The Paradox of Achieving Social Embeddedness Through Nonsocial Activities
Aimed at integrating cutting-edge psychological science into the classroom, columns about teaching Current Directions in Psychological Science offer advice and how-to guidance about teaching a particular area of research or topic in psychological science that has been the focus of an article in the APS journal Current Directions in Psychological Science.
Social psychologist Jonathan Haidt’s bestseller The Anxious Generation (2024) laments the loss of play in early childhood. Play helps children feel connected to each other, buffers against loneliness, and provides practice for conflict resolution, problem solving, and risk calculations. Phone-based childhoods replaced play-based childhoods in the 2010s, at a cost to mental health, physical health, and community well-being, Haidt argues. Humans have a deep need to be connected to one another, and easy, regular access to screens has changed the ways we think, feel, and act (see Haidt’s evidence here).
Why might individuals gravitate to screen time given the potential costs to their well-being? Gabriel and Schneider’s (2024) research proposes an explanation: the need for social embeddedness. To be socially embedded is to feel that we are part of a broader framework and social collective. Embeddedness behaviors can help us feel like we are part of the social fabric and meet an evolutionary need that goes beyond what even a close dyadic relationship might offer us. Interestingly, the authors offer a more hopeful take on the potential benefits and motivators of screen time (such as watching television or developing parasocial relationships with celebrities on social media), going so far as to frame these activities as important work in the service of filling social embeddedness needs.
The broad need for social embeddedness drives behavior, both consciously and implicitly. This need can be met through a wide variety of behaviors both screen-based and otherwise, including immersive experiences like going to a concert or sporting match. These activities fulfill a human social need, minus the pesky risk of social rejection. Paradoxically, the authors describe how social embeddedness can occur via nonsocial activities because our brains cannot distinguish between real relational embeddedness and the more superficial connections accompanying screen-based or immersive experiences. The feelings of social embeddedness achieved through parasocial relationships can help offset feelings of loneliness, as well. The authors predict that humans become psychologically connected to something bigger than themselves through narratives and parasocial connections to characters. Rather than framing these activities as symptoms of hedonism, laziness, or oversensitivity, the authors connect the behaviors to an evolutionary need that predates screens.
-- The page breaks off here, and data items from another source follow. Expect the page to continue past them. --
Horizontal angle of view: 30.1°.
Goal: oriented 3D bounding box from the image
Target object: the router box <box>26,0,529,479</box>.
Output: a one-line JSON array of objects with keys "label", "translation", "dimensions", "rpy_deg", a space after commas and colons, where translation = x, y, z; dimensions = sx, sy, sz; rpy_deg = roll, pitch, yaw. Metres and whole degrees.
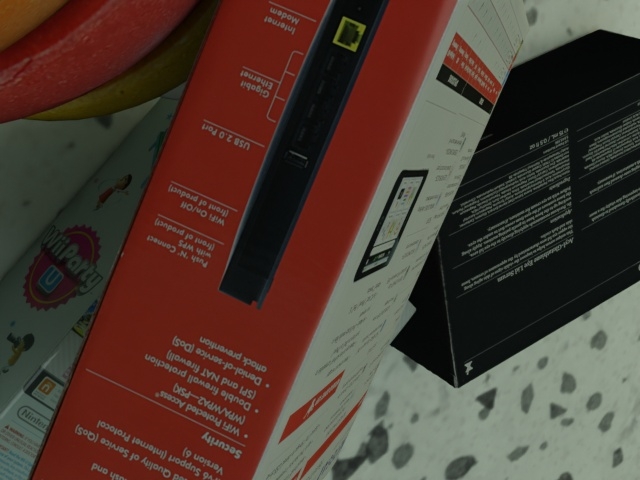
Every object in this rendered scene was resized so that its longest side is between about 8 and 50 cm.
[{"label": "router box", "translation": [0.000, 0.000, 0.579], "dimensions": [0.301, 0.082, 0.335], "rpy_deg": [-67, 171, 7]}]

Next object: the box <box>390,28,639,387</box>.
[{"label": "box", "translation": [0.165, -0.032, 0.931], "dimensions": [0.261, 0.103, 0.184], "rpy_deg": [-26, 120, -26]}]

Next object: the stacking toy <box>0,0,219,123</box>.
[{"label": "stacking toy", "translation": [-0.120, -0.152, 0.489], "dimensions": [0.351, 0.350, 0.480], "rpy_deg": [-59, 159, 0]}]

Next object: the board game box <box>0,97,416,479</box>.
[{"label": "board game box", "translation": [-0.108, 0.089, 0.787], "dimensions": [0.303, 0.097, 0.224], "rpy_deg": [-50, 131, -6]}]

The research framework raises interesting questions about the ways technology can supplant more traditional relationship-centered avenues to meet social embeddedness needs.
Because they usually hear only about the downsides of screen time, students will likely enjoy exploring how humans meet social needs through nonsocial behaviors. Instructors can connect this discussion to topics including the need to belong, rejection sensitivity, personality, social anxiety, loneliness, and psychological health.
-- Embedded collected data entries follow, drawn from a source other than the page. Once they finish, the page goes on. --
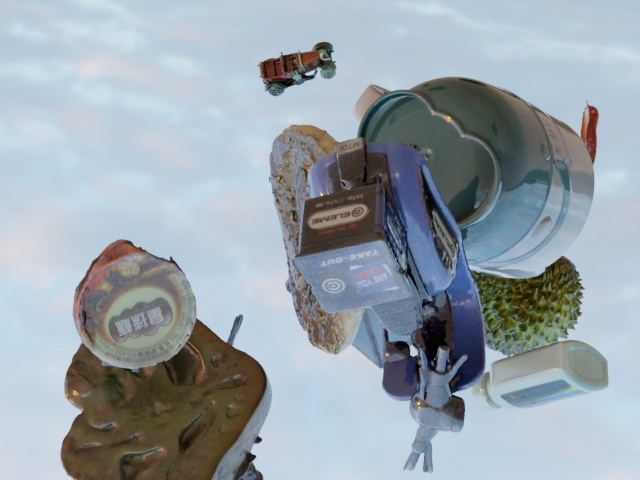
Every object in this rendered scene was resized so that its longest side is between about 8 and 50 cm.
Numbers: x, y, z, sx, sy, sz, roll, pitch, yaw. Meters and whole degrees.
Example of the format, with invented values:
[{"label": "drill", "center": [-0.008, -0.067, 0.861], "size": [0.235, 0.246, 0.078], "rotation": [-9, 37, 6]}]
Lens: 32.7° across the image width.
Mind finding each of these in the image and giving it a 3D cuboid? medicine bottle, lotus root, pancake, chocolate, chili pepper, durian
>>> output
[{"label": "medicine bottle", "center": [0.352, 0.230, 1.808], "size": [0.121, 0.083, 0.229], "rotation": [21, 151, -33]}, {"label": "lotus root", "center": [-0.269, 0.299, 1.910], "size": [0.374, 0.111, 0.391], "rotation": [-15, -121, -2]}, {"label": "pancake", "center": [-0.002, 0.000, 1.634], "size": [0.065, 0.356, 0.356], "rotation": [-7, -153, -17]}, {"label": "chocolate", "center": [-0.319, 0.098, 1.841], "size": [0.221, 0.221, 0.147], "rotation": [1, -166, -15]}, {"label": "chili pepper", "center": [0.510, -0.182, 2.076], "size": [0.027, 0.178, 0.045], "rotation": [8, 171, -6]}, {"label": "durian", "center": [0.375, 0.109, 2.108], "size": [0.291, 0.225, 0.291], "rotation": [27, 180, 0]}]

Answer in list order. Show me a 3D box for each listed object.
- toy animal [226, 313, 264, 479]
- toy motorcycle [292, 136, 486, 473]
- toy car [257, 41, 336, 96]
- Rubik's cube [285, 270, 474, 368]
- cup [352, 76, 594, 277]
[{"label": "toy animal", "center": [-0.225, 0.344, 2.191], "size": [0.205, 0.367, 0.081], "rotation": [-9, -179, -13]}, {"label": "toy motorcycle", "center": [0.080, 0.059, 1.051], "size": [0.125, 0.358, 0.213], "rotation": [-12, -134, 19]}, {"label": "toy car", "center": [-0.042, -0.319, 2.007], "size": [0.143, 0.054, 0.073], "rotation": [-16, -119, 13]}, {"label": "Rubik's cube", "center": [0.129, 0.033, 1.950], "size": [0.259, 0.260, 0.255], "rotation": [39, -130, 6]}, {"label": "cup", "center": [0.164, -0.093, 1.315], "size": [0.289, 0.219, 0.257], "rotation": [43, -164, 31]}]

Choose one of the following prompts for your students. This activity should take 10–15 minutes of class time.
- The authors suggest that we can fulfill social embeddedness needs through online activities like streaming or following our favorite celebrities. These avenues to feeling socially embedded may be partially and implicitly motivated from a desire to avoid rejection. While mild social rejection can certainly sting, what kinds of social learning come from being rebuffed in real-life social interactions?
- If screen time can be important work that meets social embeddedness needs and guards against loneliness, how would a psychologist explain the persistent loneliness individuals experienced during COVID-19 lockdown periods, where screens often replaced actual human contact?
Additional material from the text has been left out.